CamLit: Unified Video Diffusion with Explicit Camera and Lighting Control
This work addresses the need for simplified and integrated control over camera and lighting in video generation for applications like virtual reality or content creation, representing a novel integration rather than an incremental improvement.
CamLit tackles the problem of generating videos with controlled camera and lighting from a single image by introducing a unified diffusion model that jointly performs novel view synthesis and relighting, achieving high-fidelity outputs comparable to state-of-the-art methods in both tasks.

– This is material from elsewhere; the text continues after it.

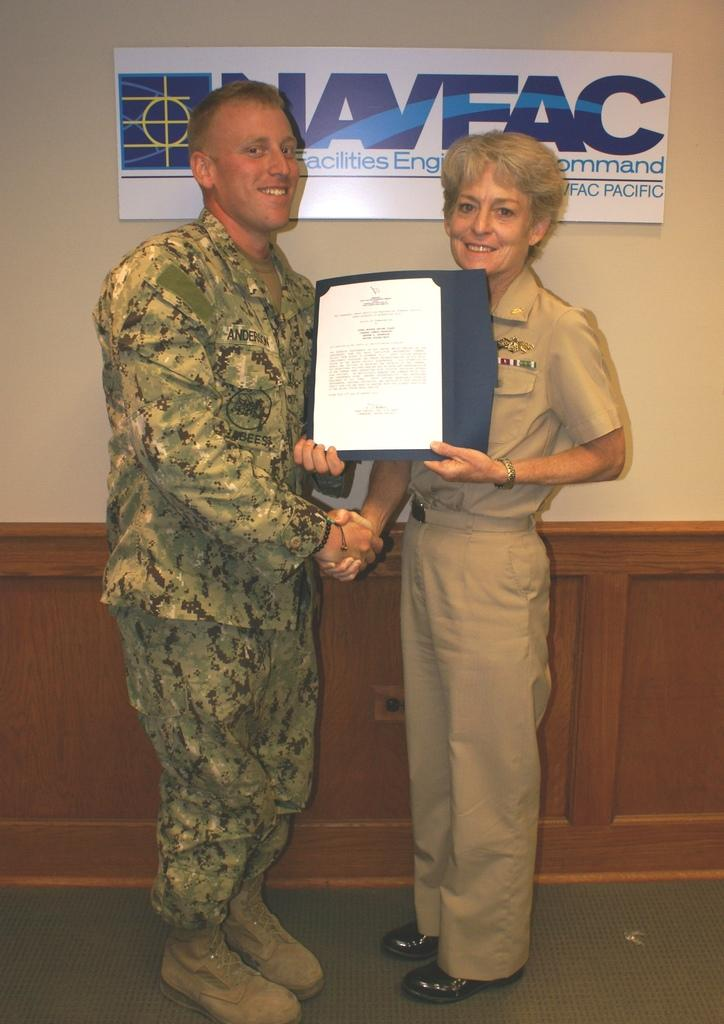<image>
Share a concise interpretation of the image provided. Two soldiers shake hands while holding a piece of paper, a banner for UAVFAC hangs behind them. 
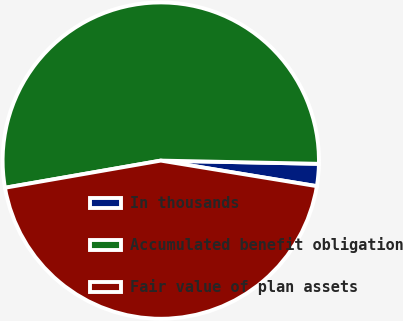Convert chart to OTSL. <chart><loc_0><loc_0><loc_500><loc_500><pie_chart><fcel>In thousands<fcel>Accumulated benefit obligation<fcel>Fair value of plan assets<nl><fcel>2.26%<fcel>53.07%<fcel>44.67%<nl></chart> 
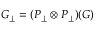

We present CamLit, the first unified video diffusion model that jointly performs novel view synthesis (NVS) and relighting from a single input image. Given one reference image, a user-defined camera trajectory, and an environment map, CamLit synthesizes a video of the scene from new viewpoints under the specified illumination. Within a single generative process, our model produces temporally coherent and spatially aligned outputs, including relit novel-view frames and corresponding albedo frames, enabling high-quality control of both camera pose and lighting. Qualitative and quantitative experiments demonstrate that CamLit achieves high-fidelity outputs on par with state-of-the-art methods in both novel view synthesis and relighting, without sacrificing visual quality in either task. We show that a single generative model can effectively integrate camera and lighting control, simplifying the video generation pipeline while maintaining competitive performance and consistent realism.